EXERCISE DESCRIPTION → Output an exact reproduction of the data.

Saved data entries →
◆ ◆ ◆ ◆ ◆

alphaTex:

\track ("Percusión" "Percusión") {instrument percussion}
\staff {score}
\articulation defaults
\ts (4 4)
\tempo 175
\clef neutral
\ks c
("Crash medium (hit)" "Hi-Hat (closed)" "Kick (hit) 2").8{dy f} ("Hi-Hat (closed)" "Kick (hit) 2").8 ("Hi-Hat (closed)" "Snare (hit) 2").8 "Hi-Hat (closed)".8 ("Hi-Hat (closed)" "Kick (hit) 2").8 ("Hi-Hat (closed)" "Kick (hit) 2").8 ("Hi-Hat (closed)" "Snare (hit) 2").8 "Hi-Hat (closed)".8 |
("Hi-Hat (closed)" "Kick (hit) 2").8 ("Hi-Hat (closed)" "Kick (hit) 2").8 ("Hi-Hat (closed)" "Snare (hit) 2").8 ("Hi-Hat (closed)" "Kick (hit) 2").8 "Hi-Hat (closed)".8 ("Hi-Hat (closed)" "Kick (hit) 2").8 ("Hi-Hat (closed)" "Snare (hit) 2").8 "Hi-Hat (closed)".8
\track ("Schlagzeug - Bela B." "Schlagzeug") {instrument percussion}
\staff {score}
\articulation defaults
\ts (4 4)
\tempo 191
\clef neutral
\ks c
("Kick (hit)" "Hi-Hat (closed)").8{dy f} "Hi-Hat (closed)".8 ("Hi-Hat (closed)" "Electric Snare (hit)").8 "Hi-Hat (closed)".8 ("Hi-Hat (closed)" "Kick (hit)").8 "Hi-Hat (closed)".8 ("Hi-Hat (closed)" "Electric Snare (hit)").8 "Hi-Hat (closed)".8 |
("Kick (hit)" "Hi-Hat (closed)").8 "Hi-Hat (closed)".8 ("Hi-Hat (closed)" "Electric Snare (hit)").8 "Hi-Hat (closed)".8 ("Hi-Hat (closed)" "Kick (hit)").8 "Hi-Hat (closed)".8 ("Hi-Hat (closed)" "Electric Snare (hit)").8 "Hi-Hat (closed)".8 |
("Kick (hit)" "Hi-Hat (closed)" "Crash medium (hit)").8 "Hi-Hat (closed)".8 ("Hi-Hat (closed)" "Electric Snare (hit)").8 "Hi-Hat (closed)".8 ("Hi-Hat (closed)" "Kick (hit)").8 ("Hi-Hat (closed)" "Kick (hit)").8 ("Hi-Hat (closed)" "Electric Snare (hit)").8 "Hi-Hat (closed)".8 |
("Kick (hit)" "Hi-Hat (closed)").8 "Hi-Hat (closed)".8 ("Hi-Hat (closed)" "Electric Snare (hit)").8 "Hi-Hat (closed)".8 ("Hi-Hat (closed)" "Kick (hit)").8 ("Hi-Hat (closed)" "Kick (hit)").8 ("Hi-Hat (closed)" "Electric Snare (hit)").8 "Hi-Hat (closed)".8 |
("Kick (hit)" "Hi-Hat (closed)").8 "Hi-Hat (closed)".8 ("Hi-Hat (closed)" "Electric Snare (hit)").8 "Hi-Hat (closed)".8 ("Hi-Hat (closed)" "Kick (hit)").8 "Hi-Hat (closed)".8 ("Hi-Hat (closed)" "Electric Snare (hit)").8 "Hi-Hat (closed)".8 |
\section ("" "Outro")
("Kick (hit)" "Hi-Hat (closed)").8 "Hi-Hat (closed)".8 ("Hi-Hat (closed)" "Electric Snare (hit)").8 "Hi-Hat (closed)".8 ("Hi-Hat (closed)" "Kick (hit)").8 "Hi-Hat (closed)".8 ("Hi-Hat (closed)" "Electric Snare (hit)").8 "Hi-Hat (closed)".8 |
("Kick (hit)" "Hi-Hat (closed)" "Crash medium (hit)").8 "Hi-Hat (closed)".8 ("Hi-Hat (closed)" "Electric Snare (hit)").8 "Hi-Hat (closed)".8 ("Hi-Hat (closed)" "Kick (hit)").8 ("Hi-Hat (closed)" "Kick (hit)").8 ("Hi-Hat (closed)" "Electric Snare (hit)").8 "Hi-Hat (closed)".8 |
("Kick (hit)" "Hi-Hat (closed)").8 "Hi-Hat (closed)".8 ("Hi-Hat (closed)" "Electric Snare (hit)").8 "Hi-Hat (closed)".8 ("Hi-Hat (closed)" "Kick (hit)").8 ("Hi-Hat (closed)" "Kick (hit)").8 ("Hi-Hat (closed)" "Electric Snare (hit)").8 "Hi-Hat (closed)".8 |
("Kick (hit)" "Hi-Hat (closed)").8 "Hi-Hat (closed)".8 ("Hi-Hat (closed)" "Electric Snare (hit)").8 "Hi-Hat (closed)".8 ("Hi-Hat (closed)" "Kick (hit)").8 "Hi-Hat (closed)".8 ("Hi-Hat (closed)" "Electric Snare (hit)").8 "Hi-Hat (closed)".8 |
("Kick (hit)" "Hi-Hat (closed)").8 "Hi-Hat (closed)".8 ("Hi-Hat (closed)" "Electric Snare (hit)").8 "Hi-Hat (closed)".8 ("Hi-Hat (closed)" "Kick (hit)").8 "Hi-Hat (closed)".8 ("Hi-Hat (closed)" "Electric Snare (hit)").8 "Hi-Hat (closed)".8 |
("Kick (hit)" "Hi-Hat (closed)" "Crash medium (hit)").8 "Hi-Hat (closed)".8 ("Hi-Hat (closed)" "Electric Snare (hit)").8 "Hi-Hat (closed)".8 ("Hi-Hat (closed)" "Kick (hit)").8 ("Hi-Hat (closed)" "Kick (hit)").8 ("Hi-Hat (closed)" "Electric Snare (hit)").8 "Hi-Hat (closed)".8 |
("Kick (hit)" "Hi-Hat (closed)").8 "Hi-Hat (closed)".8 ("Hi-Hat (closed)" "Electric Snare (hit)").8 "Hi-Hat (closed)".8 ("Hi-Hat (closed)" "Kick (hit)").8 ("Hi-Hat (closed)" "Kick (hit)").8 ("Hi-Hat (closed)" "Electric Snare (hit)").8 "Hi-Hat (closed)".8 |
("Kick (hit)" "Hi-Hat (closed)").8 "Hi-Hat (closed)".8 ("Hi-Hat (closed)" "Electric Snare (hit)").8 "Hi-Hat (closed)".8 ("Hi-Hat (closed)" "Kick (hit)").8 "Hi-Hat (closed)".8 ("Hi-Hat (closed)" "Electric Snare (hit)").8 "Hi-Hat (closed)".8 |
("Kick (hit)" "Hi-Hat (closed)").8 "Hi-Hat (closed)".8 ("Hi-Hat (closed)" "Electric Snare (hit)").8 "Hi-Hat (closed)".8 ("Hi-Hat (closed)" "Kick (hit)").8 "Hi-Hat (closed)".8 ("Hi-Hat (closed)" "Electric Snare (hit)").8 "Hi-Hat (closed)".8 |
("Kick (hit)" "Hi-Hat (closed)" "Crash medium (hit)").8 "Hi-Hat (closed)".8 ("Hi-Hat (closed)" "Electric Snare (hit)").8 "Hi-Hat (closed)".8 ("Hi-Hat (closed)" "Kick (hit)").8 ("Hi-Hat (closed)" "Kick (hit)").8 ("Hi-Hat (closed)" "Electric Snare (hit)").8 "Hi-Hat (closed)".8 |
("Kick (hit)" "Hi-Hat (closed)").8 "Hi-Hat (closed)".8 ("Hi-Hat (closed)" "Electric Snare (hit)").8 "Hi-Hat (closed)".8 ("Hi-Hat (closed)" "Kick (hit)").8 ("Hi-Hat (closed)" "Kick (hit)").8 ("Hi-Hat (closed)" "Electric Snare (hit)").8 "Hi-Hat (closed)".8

◆ ◆ ◆ ◆ ◆

EXERCISE OUTPUT →
alphaTex:

\track ("Percusión" "Percusión") {instrument percussion}
\staff {score}
\articulation defaults
\ts (4 4)
\tempo 175
\clef neutral
\ks c
("Crash medium (hit)" "Hi-Hat (closed)" "Kick (hit) 2").8{dy f} ("Hi-Hat (closed)" "Kick (hit) 2").8 ("Hi-Hat (closed)" "Snare (hit) 2").8 "Hi-Hat (closed)".8 ("Hi-Hat (closed)" "Kick (hit) 2").8 ("Hi-Hat (closed)" "Kick (hit) 2").8 ("Hi-Hat (closed)" "Snare (hit) 2").8 "Hi-Hat (closed)".8 |
("Hi-Hat (closed)" "Kick (hit) 2").8 ("Hi-Hat (closed)" "Kick (hit) 2").8 ("Hi-Hat (closed)" "Snare (hit) 2").8 ("Hi-Hat (closed)" "Kick (hit) 2").8 "Hi-Hat (closed)".8 ("Hi-Hat (closed)" "Kick (hit) 2").8 ("Hi-Hat (closed)" "Snare (hit) 2").8 "Hi-Hat (closed)".8
\track ("Schlagzeug - Bela B." "Schlagzeug") {instrument percussion}
\staff {score}
\articulation defaults
\ts (4 4)
\tempo 191
\clef neutral
\ks c
("Kick (hit)" "Hi-Hat (closed)").8{dy f} "Hi-Hat (closed)".8 ("Hi-Hat (closed)" "Electric Snare (hit)").8 "Hi-Hat (closed)".8 ("Hi-Hat (closed)" "Kick (hit)").8 "Hi-Hat (closed)".8 ("Hi-Hat (closed)" "Electric Snare (hit)").8 "Hi-Hat (closed)".8 |
("Kick (hit)" "Hi-Hat (closed)").8 "Hi-Hat (closed)".8 ("Hi-Hat (closed)" "Electric Snare (hit)").8 "Hi-Hat (closed)".8 ("Hi-Hat (closed)" "Kick (hit)").8 "Hi-Hat (closed)".8 ("Hi-Hat (closed)" "Electric Snare (hit)").8 "Hi-Hat (closed)".8 |
("Kick (hit)" "Hi-Hat (closed)" "Crash medium (hit)").8 "Hi-Hat (closed)".8 ("Hi-Hat (closed)" "Electric Snare (hit)").8 "Hi-Hat (closed)".8 ("Hi-Hat (closed)" "Kick (hit)").8 ("Hi-Hat (closed)" "Kick (hit)").8 ("Hi-Hat (closed)" "Electric Snare (hit)").8 "Hi-Hat (closed)".8 |
("Kick (hit)" "Hi-Hat (closed)").8 "Hi-Hat (closed)".8 ("Hi-Hat (closed)" "Electric Snare (hit)").8 "Hi-Hat (closed)".8 ("Hi-Hat (closed)" "Kick (hit)").8 ("Hi-Hat (closed)" "Kick (hit)").8 ("Hi-Hat (closed)" "Electric Snare (hit)").8 "Hi-Hat (closed)".8 |
("Kick (hit)" "Hi-Hat (closed)").8 "Hi-Hat (closed)".8 ("Hi-Hat (closed)" "Electric Snare (hit)").8 "Hi-Hat (closed)".8 ("Hi-Hat (closed)" "Kick (hit)").8 "Hi-Hat (closed)".8 ("Hi-Hat (closed)" "Electric Snare (hit)").8 "Hi-Hat (closed)".8 |
\section ("" "Outro")
("Kick (hit)" "Hi-Hat (closed)").8 "Hi-Hat (closed)".8 ("Hi-Hat (closed)" "Electric Snare (hit)").8 "Hi-Hat (closed)".8 ("Hi-Hat (closed)" "Kick (hit)").8 "Hi-Hat (closed)".8 ("Hi-Hat (closed)" "Electric Snare (hit)").8 "Hi-Hat (closed)".8 |
("Kick (hit)" "Hi-Hat (closed)" "Crash medium (hit)").8 "Hi-Hat (closed)".8 ("Hi-Hat (closed)" "Electric Snare (hit)").8 "Hi-Hat (closed)".8 ("Hi-Hat (closed)" "Kick (hit)").8 ("Hi-Hat (closed)" "Kick (hit)").8 ("Hi-Hat (closed)" "Electric Snare (hit)").8 "Hi-Hat (closed)".8 |
("Kick (hit)" "Hi-Hat (closed)").8 "Hi-Hat (closed)".8 ("Hi-Hat (closed)" "Electric Snare (hit)").8 "Hi-Hat (closed)".8 ("Hi-Hat (closed)" "Kick (hit)").8 ("Hi-Hat (closed)" "Kick (hit)").8 ("Hi-Hat (closed)" "Electric Snare (hit)").8 "Hi-Hat (closed)".8 |
("Kick (hit)" "Hi-Hat (closed)").8 "Hi-Hat (closed)".8 ("Hi-Hat (closed)" "Electric Snare (hit)").8 "Hi-Hat (closed)".8 ("Hi-Hat (closed)" "Kick (hit)").8 "Hi-Hat (closed)".8 ("Hi-Hat (closed)" "Electric Snare (hit)").8 "Hi-Hat (closed)".8 |
("Kick (hit)" "Hi-Hat (closed)").8 "Hi-Hat (closed)".8 ("Hi-Hat (closed)" "Electric Snare (hit)").8 "Hi-Hat (closed)".8 ("Hi-Hat (closed)" "Kick (hit)").8 "Hi-Hat (closed)".8 ("Hi-Hat (closed)" "Electric Snare (hit)").8 "Hi-Hat (closed)".8 |
("Kick (hit)" "Hi-Hat (closed)" "Crash medium (hit)").8 "Hi-Hat (closed)".8 ("Hi-Hat (closed)" "Electric Snare (hit)").8 "Hi-Hat (closed)".8 ("Hi-Hat (closed)" "Kick (hit)").8 ("Hi-Hat (closed)" "Kick (hit)").8 ("Hi-Hat (closed)" "Electric Snare (hit)").8 "Hi-Hat (closed)".8 |
("Kick (hit)" "Hi-Hat (closed)").8 "Hi-Hat (closed)".8 ("Hi-Hat (closed)" "Electric Snare (hit)").8 "Hi-Hat (closed)".8 ("Hi-Hat (closed)" "Kick (hit)").8 ("Hi-Hat (closed)" "Kick (hit)").8 ("Hi-Hat (closed)" "Electric Snare (hit)").8 "Hi-Hat (closed)".8 |
("Kick (hit)" "Hi-Hat (closed)").8 "Hi-Hat (closed)".8 ("Hi-Hat (closed)" "Electric Snare (hit)").8 "Hi-Hat (closed)".8 ("Hi-Hat (closed)" "Kick (hit)").8 "Hi-Hat (closed)".8 ("Hi-Hat (closed)" "Electric Snare (hit)").8 "Hi-Hat (closed)".8 |
("Kick (hit)" "Hi-Hat (closed)").8 "Hi-Hat (closed)".8 ("Hi-Hat (closed)" "Electric Snare (hit)").8 "Hi-Hat (closed)".8 ("Hi-Hat (closed)" "Kick (hit)").8 "Hi-Hat (closed)".8 ("Hi-Hat (closed)" "Electric Snare (hit)").8 "Hi-Hat (closed)".8 |
("Kick (hit)" "Hi-Hat (closed)" "Crash medium (hit)").8 "Hi-Hat (closed)".8 ("Hi-Hat (closed)" "Electric Snare (hit)").8 "Hi-Hat (closed)".8 ("Hi-Hat (closed)" "Kick (hit)").8 ("Hi-Hat (closed)" "Kick (hit)").8 ("Hi-Hat (closed)" "Electric Snare (hit)").8 "Hi-Hat (closed)".8 |
("Kick (hit)" "Hi-Hat (closed)").8 "Hi-Hat (closed)".8 ("Hi-Hat (closed)" "Electric Snare (hit)").8 "Hi-Hat (closed)".8 ("Hi-Hat (closed)" "Kick (hit)").8 ("Hi-Hat (closed)" "Kick (hit)").8 ("Hi-Hat (closed)" "Electric Snare (hit)").8 "Hi-Hat (closed)".8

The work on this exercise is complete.